● Required action
Below are some records; give them all again exactly, but not the pictures.

● Records contained in a dataset
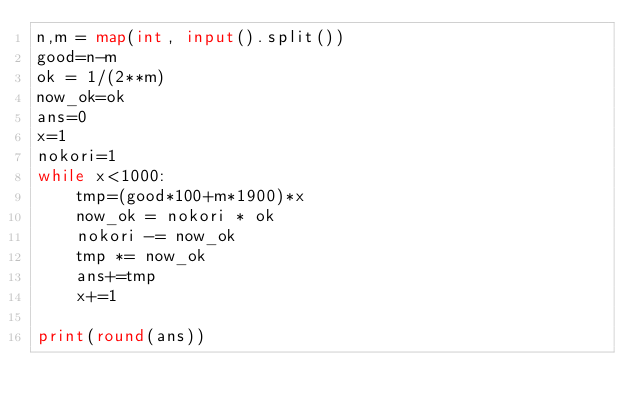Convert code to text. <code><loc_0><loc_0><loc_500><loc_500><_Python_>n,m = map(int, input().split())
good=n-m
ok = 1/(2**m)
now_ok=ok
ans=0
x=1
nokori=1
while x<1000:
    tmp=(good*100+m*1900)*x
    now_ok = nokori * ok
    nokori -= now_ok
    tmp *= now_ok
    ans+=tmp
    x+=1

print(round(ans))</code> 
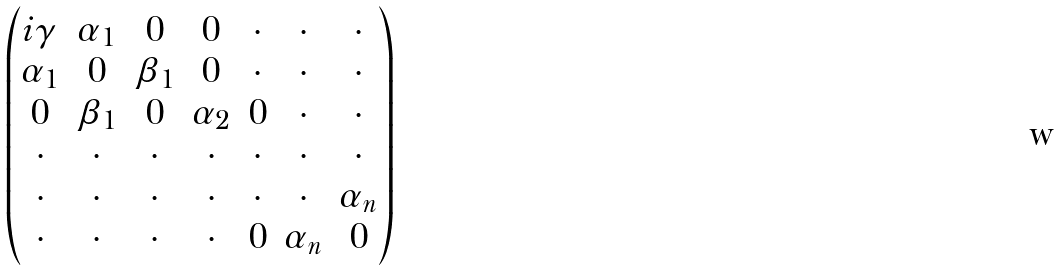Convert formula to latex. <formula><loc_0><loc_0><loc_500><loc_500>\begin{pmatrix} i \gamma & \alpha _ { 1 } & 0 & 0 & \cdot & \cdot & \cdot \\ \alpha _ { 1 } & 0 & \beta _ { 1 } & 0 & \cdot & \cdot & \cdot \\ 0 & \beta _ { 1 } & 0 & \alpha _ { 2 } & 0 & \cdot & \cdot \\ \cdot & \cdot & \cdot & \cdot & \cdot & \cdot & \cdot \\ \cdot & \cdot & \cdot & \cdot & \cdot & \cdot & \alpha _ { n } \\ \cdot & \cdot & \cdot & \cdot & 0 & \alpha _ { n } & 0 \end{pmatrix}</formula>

● Output for this task
Convert code to text. <code><loc_0><loc_0><loc_500><loc_500><_Python_>n,m = map(int, input().split())
good=n-m
ok = 1/(2**m)
now_ok=ok
ans=0
x=1
nokori=1
while x<1000:
    tmp=(good*100+m*1900)*x
    now_ok = nokori * ok
    nokori -= now_ok
    tmp *= now_ok
    ans+=tmp
    x+=1

print(round(ans))</code> 
Convert formula to latex. <formula><loc_0><loc_0><loc_500><loc_500>\begin{pmatrix} i \gamma & \alpha _ { 1 } & 0 & 0 & \cdot & \cdot & \cdot \\ \alpha _ { 1 } & 0 & \beta _ { 1 } & 0 & \cdot & \cdot & \cdot \\ 0 & \beta _ { 1 } & 0 & \alpha _ { 2 } & 0 & \cdot & \cdot \\ \cdot & \cdot & \cdot & \cdot & \cdot & \cdot & \cdot \\ \cdot & \cdot & \cdot & \cdot & \cdot & \cdot & \alpha _ { n } \\ \cdot & \cdot & \cdot & \cdot & 0 & \alpha _ { n } & 0 \end{pmatrix}</formula>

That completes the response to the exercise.